Maple Syrup Time! Tap those Trees!

Left to right: Clear sap from tree, sap boiled halfway down, sap boiled down to maple syrup

I feel like a modern pioneer. The past few weeks we’ve been tapping maple trees. And we harvested gallons and gallons of sap. Guess how much maple syrup we got? Well, here’s a hint: it’s a 40:1 ratio. 

We boiled sap from morning to late afternoon, and watched it turn from clear to a golden brown as the water evaporated. Our bounty of maple syrup was about 3 cups total! 

Well, maple syrup calls for pancakes, don’t you think? Have breakfast for supper one evening. Pancakes with a side of bacon or sausage. Warm maple syrup? Or maybe a smear of maple pecan butter on the pancakes? Yes, please.  


My friend, Jeanne, shared this recipe a long time ago. Simple enough for little ones to help.


1 egg

1 cup buttermilk

1 cup all-purpose flour

1 teaspoon baking soda

1 teaspoon double acting baking powder

1/2 teaspoon salt

1 teaspoon oil


Whisk egg and buttermilk together. 

Whisk dry ingredients together. 

Stir into egg mixture and mix gently. Stir in butter. Mix again but don’t over mix.
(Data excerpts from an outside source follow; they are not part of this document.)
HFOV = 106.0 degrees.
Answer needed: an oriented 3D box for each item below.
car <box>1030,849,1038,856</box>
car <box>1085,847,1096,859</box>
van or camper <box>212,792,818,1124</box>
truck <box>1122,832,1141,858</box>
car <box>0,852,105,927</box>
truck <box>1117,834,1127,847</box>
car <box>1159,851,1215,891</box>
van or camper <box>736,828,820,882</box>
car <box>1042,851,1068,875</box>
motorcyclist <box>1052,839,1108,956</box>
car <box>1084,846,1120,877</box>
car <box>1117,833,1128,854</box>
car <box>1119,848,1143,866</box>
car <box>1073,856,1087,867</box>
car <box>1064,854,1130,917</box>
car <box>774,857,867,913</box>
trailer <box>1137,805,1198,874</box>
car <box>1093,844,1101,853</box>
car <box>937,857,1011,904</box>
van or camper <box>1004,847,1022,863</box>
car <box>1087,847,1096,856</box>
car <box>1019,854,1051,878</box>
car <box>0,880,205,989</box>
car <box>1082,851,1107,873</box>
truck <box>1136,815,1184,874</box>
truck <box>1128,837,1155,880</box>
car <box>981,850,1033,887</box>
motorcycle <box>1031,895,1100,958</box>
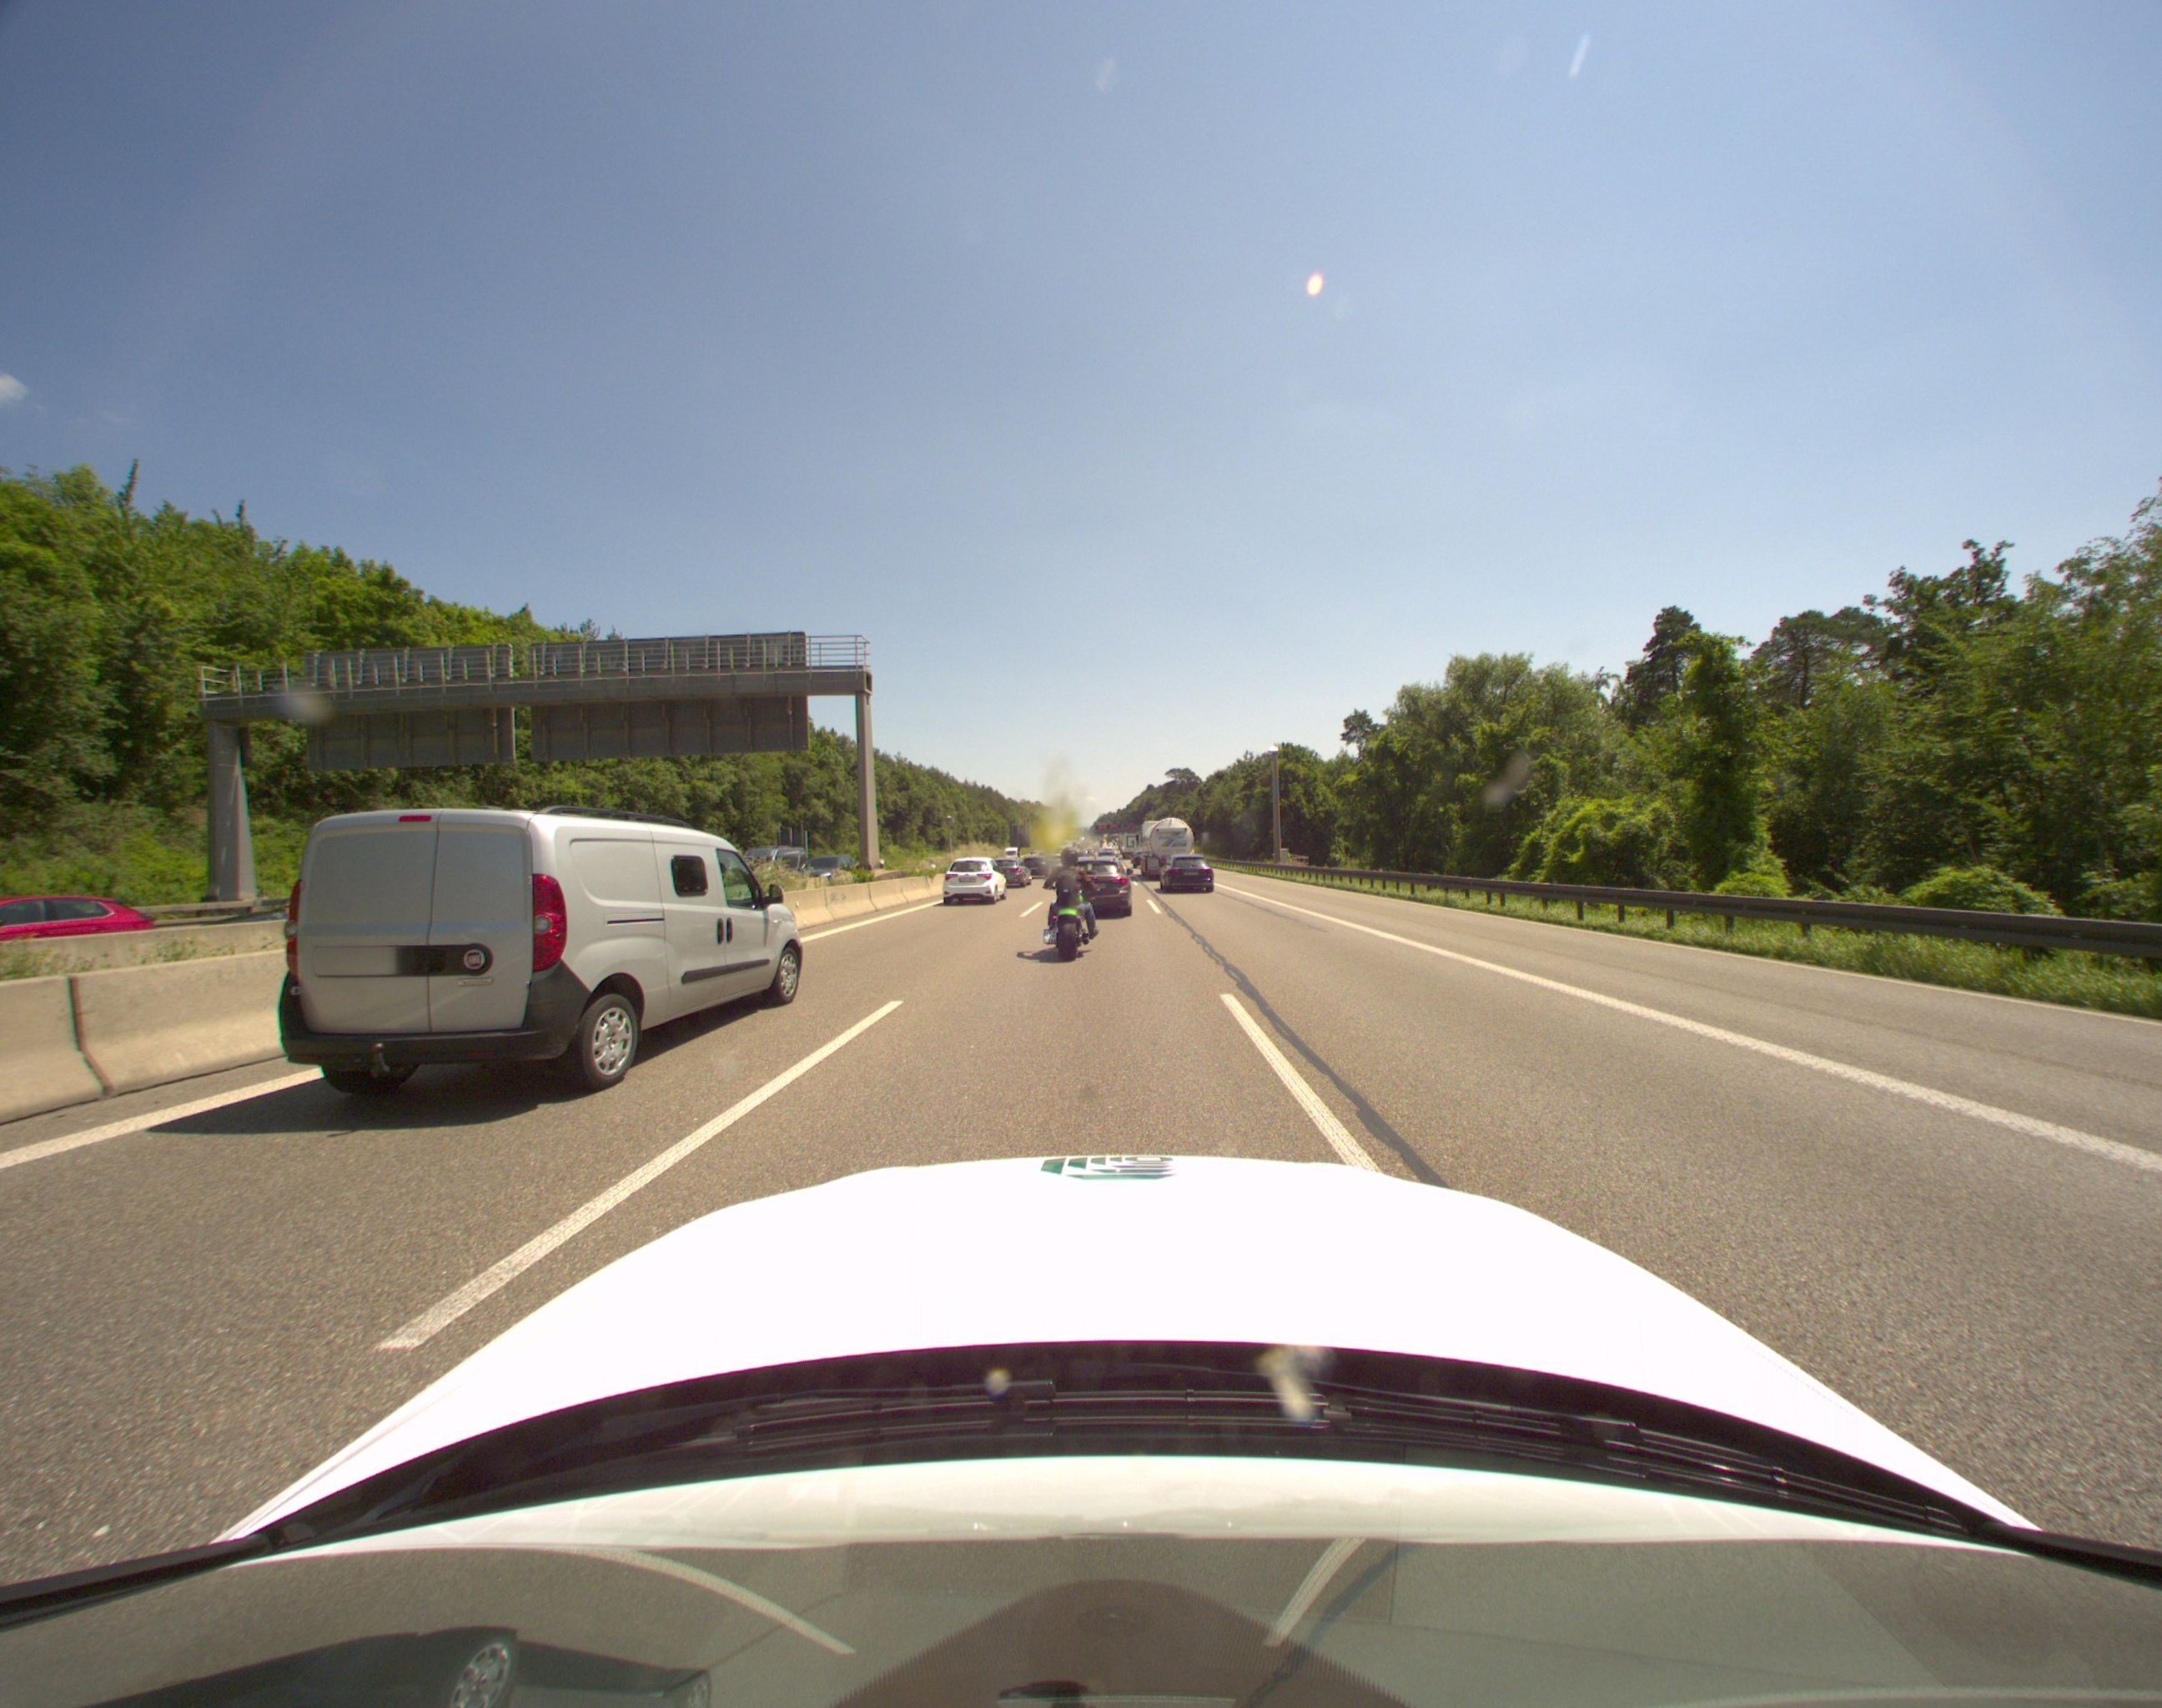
[{"bbox_3d":[-13.546,-0.377,237.196,1.986,2.013,4.001,-1,0,1],"label":"car"},{"bbox_3d":[1.592,-0.173,136.148,1.654,1.978,4.002,-1,-1,3],"label":"car"},{"bbox_3d":[-3.981,0.594,6.939,1.846,1.880,4.563,-1,0,2],"label":"van or camper"},{"bbox_3d":[8.023,-1.422,129.480,2.840,3.821,7.196,-1,-1,5],"label":"truck"},{"bbox_3d":[-30.343,0.981,22.180,2.115,2.014,4.366,-1,-1,2],"label":"car"},{"bbox_3d":[11.954,-3.756,237.027,2.686,3.405,10.483,-2,-1,2],"label":"truck"},{"bbox_3d":[4.152,0.677,32.442,1.785,1.458,4.626,-1,-1,2],"label":"car"},{"bbox_3d":[-17.071,0.130,46.351,2.146,2.859,6.654,-1,-1,1],"label":"van or camper"},{"bbox_3d":[-2.190,0.796,70.052,1.986,2.014,4.001,-1,-1,1],"label":"car"},{"bbox_3d":[0.006,0.648,12.350,0.796,1.688,1.017,-1,-2,2],"label":"motorcyclist"},{"bbox_3d":[1.204,0.473,47.246,1.986,1.711,4.000,-1,-1,1],"label":"car"},{"bbox_3d":[8.604,-2.113,168.306,2.159,3.893,9.333,-1,-1,2],"label":"car"},{"bbox_3d":[4.553,0.325,74.765,1.771,1.527,3.996,-1,-1,-2],"label":"car"},{"bbox_3d":[-0.089,1.015,113.877,1.757,1.442,4.003,-1,0,3],"label":"car"},{"bbox_3d":[0.457,0.755,21.032,1.535,1.450,4.002,-1,-1,2],"label":"car"},{"bbox_3d":[-10.252,1.191,32.523,1.987,2.014,5.154,-1,-1,1],"label":"car"},{"bbox_3d":[4.950,-0.656,48.570,2.817,3.671,10.736,-1,-1,2],"label":"trailer"},{"bbox_3d":[4.148,-1.424,210.983,1.986,2.014,4.002,-2,-1,2],"label":"car"},{"bbox_3d":[-3.469,0.822,27.154,1.769,1.411,4.002,-1,0,2],"label":"car"},{"bbox_3d":[-10.692,0.139,128.466,2.144,2.423,6.198,-1,-1,2],"label":"van or camper"},{"bbox_3d":[2.042,-0.384,155.872,1.654,1.599,4.002,-1,-1,3],"label":"car"},{"bbox_3d":[-2.906,0.772,51.940,1.989,1.464,3.995,-1,-1,-3],"label":"car"},{"bbox_3d":[-18.105,1.322,13.594,1.986,1.692,4.514,-1,-1,1],"label":"car"},{"bbox_3d":[1.128,0.721,68.098,1.986,1.775,4.000,-1,-1,1],"label":"car"},{"bbox_3d":[5.169,-0.517,54.449,2.817,3.671,6.432,-1,-1,2],"label":"truck"},{"bbox_3d":[6.698,0.429,90.894,2.380,4.464,10.871,-1,0,1],"label":"truck"},{"bbox_3d":[-3.515,0.711,39.503,1.986,1.684,4.332,-1,-1,2],"label":"car"},{"bbox_3d":[-0.193,1.080,12.684,0.932,0.793,2.300,-1,-1,2],"label":"motorcycle"}]
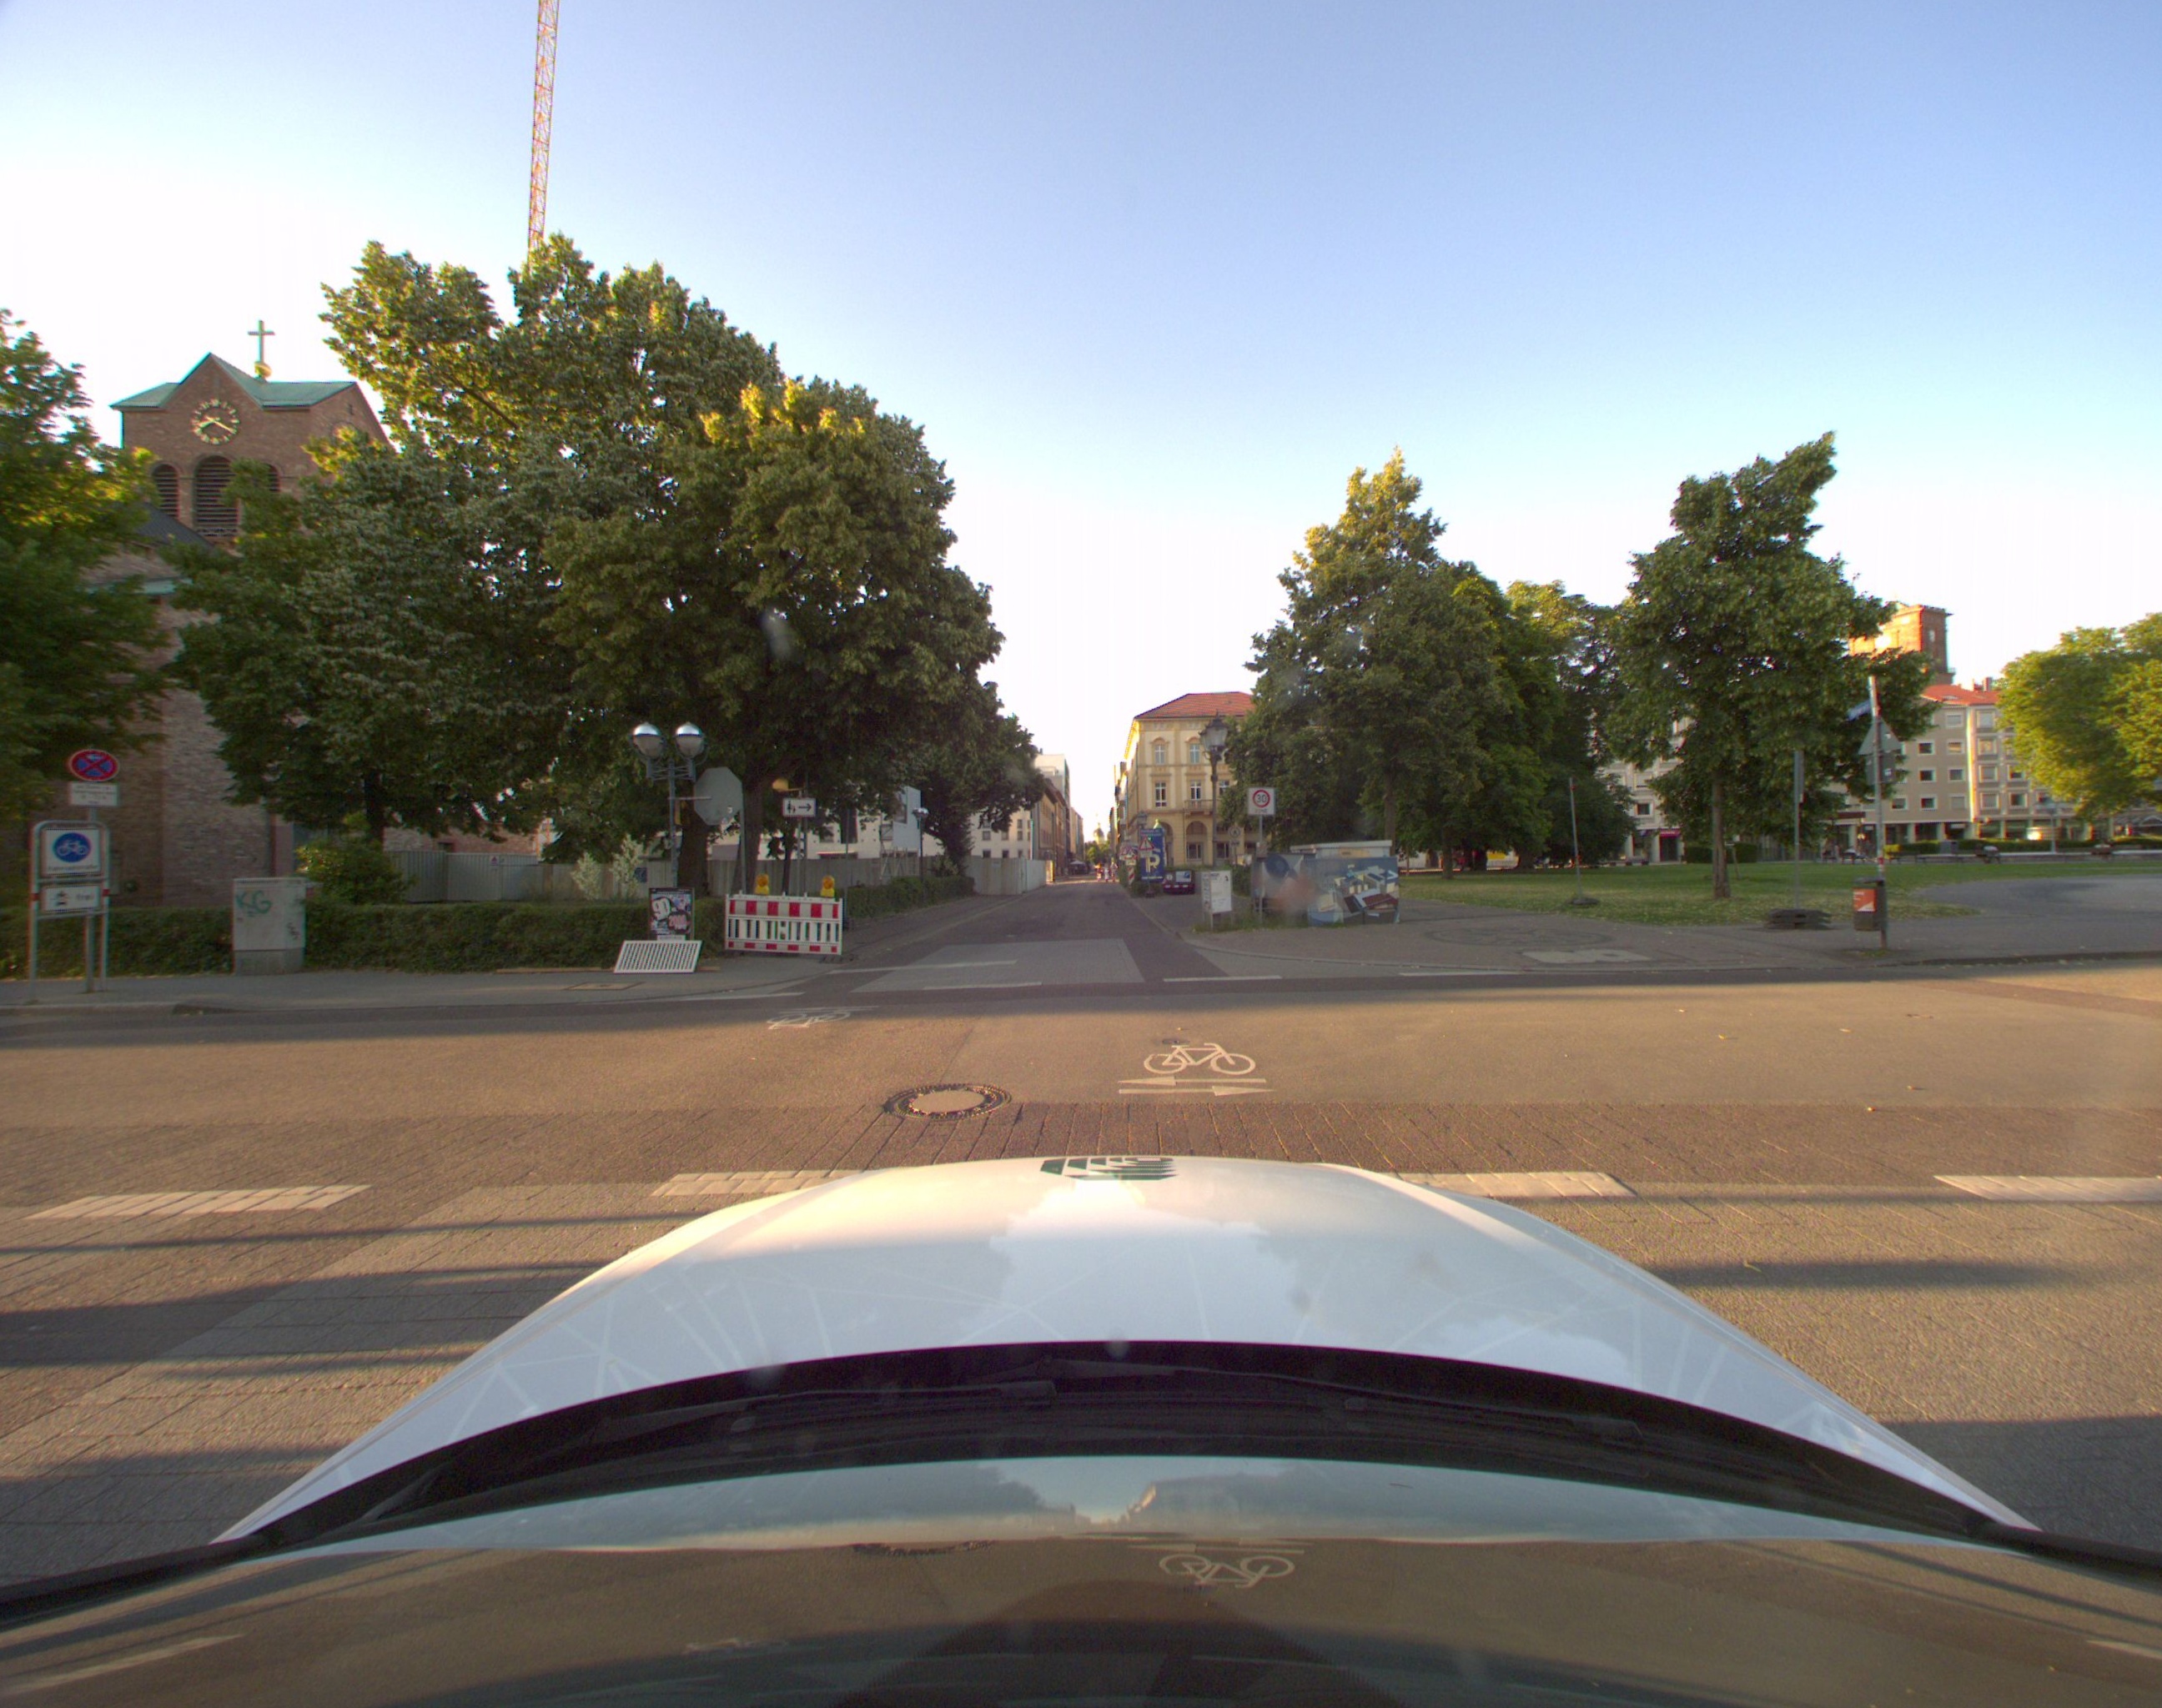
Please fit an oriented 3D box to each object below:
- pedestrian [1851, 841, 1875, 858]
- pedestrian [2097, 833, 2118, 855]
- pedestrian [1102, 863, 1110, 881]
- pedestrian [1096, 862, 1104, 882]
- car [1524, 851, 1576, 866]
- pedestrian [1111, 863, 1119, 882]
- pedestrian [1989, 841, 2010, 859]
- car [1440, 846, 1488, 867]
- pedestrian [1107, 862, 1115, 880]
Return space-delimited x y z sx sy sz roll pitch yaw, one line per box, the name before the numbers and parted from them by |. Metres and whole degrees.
pedestrian | 50.092 -0.291 52.195 0.889 1.077 0.624 -3 -1 18
pedestrian | 52.052 -0.507 41.317 0.514 1.077 0.614 -1 -1 -39
pedestrian | 2.215 1.615 72.455 0.655 1.617 0.745 -2 -1 1
pedestrian | 1.675 1.623 73.528 0.655 1.760 0.745 -2 -1 1
car | 42.150 0.380 73.193 3.568 1.240 1.996 -2 -1 -6
pedestrian | 3.050 1.637 72.352 0.655 1.617 0.745 -2 -1 1
pedestrian | 50.382 -0.206 44.670 0.512 0.925 0.616 -2 -1 -24
car | 39.845 0.302 84.868 4.016 2.014 2.001 -2 -1 2
pedestrian | 2.686 1.513 73.434 0.655 1.636 0.745 -2 -1 1

A few lumps are OK. 

Let batter rest 10 minutes or so before frying. 

Pour about 1/3 cup of batter onto hot greased griddle for each pancake.

They’re ready to turn over when golden brown on bottom and bubbles appear around edges and middle.

Turn pancakes only once. 

Maple pecan butter 

Whip together 1 stick softened butter with 1/3 cup pecans, toasted and finely chopped and 1/4 cup maple syrup.

Whole wheat pancakes

Daughter-in-law Jess makes these in a big batch, then warms them up later

in the microwave or toaster. “Pancakes last a week in the refrigerator”, Jess 



2 cups milk

2 eggs

4 tablespoons sugar

2 tablespoons walnut or other oil

1 cup whole wheat flour

1 cup all-purpose or pastry flour

1 tablespoon plus 1 teaspoon double acting baking powder

1/2 teaspoon salt


You’ll love these simple instructions from Jess: “Whisk wet together; whisk

dry together, then combine, but don’t over mix.” A few lumps remaining are 


Let batter rest 10 minutes or so before frying.,

Pour about 1/3 cup of batter onto hot greased griddle for each pancake. 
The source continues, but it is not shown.